Just how good bio-diversity makes for more resilient ecosystems, or how diversity in our own gut-biome makes for healthier people, the diversity in our personalities, our emotional sensitivities and our neurodiversity makes for healthier, stronger and more resilient communities.
The blueprint to a healthy community isn't about picking our best dream team and pegging it off to the hills to live happily ever after. In my opinion, it is almost entirely down to our relationship to co-creation.
The trick is to fall in love with the process of co-creation, and by that I don’t just mean the processes of ‘working as a team’ - You need to passionately fall in love with non-hierarchical ways of doing things, such as consent based decision making (CBD) which is what we have adopted here.
In practice, that means you have to (mostly) let go of control and see yourself not as a driver, but as a contributing part to the ecosystem.
Personally (although admittedly I find this difficult), I even think it is healthier to let go of your vision for the ultimate project destination. If you can do this, then you will be free to really embrace the excitement of the journey.
Journeys can be unpredictable and full of twists and turns, but the uncertainty of where your adventure will take you is thrilling, once you've learnt to love it.

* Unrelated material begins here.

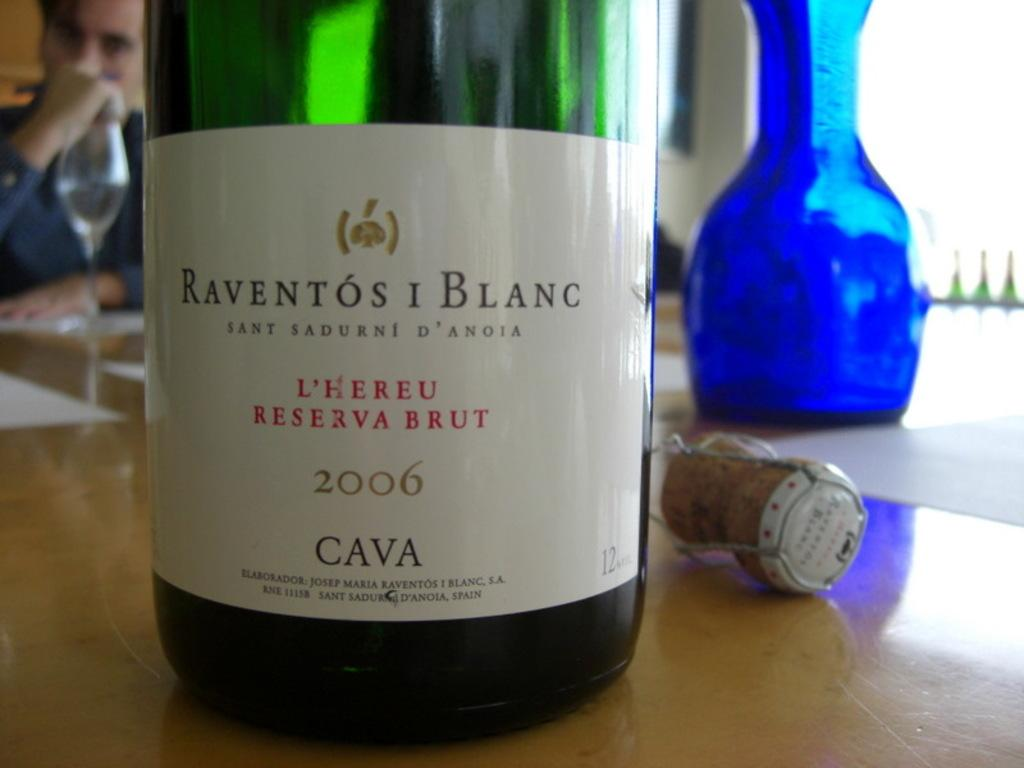What object is on the table in the image? There is a bottle on the table in the image. How much liquid is in the bottle? The bottle is half-filled. What color is the bottle? The bottle is green in color. What color is the label on the bottle? The label on the bottle is white. What other object is on the table? There is a jar on the table. What color is the jar? The jar is blue in color. How is the distribution of the liquid in the bottle being managed in the image? The image does not show any distribution of liquid; it only shows a half-filled green bottle with a white label.

Bumps in the road should not be an excuse to turn to hierarchy. I have had hierarchical relationships with my children in the past, “don't put that battery in your mouth, end of conversation” for example.
But reproaching other adults as though they were toddlers is disparaging and shortsighted. Is that really going to work long term in a communal space?
Some journeys can be difficult, yes, but it is naught when compared to the benefits brought from the collective empowerment of one another and the diversification of your community. THIS is community resilience building in practice.
And that is how you have wound up with me, Dan, kicking off the first Monthly Ramblings (for better or worse)!
Each month (or so) we hope we will see a different Project Member take on the ‘DARES Newsletter’, sharing some of the amazing stuff that we've been up to, what's worked, what hasn't worked, and diversifying our comms style as we go.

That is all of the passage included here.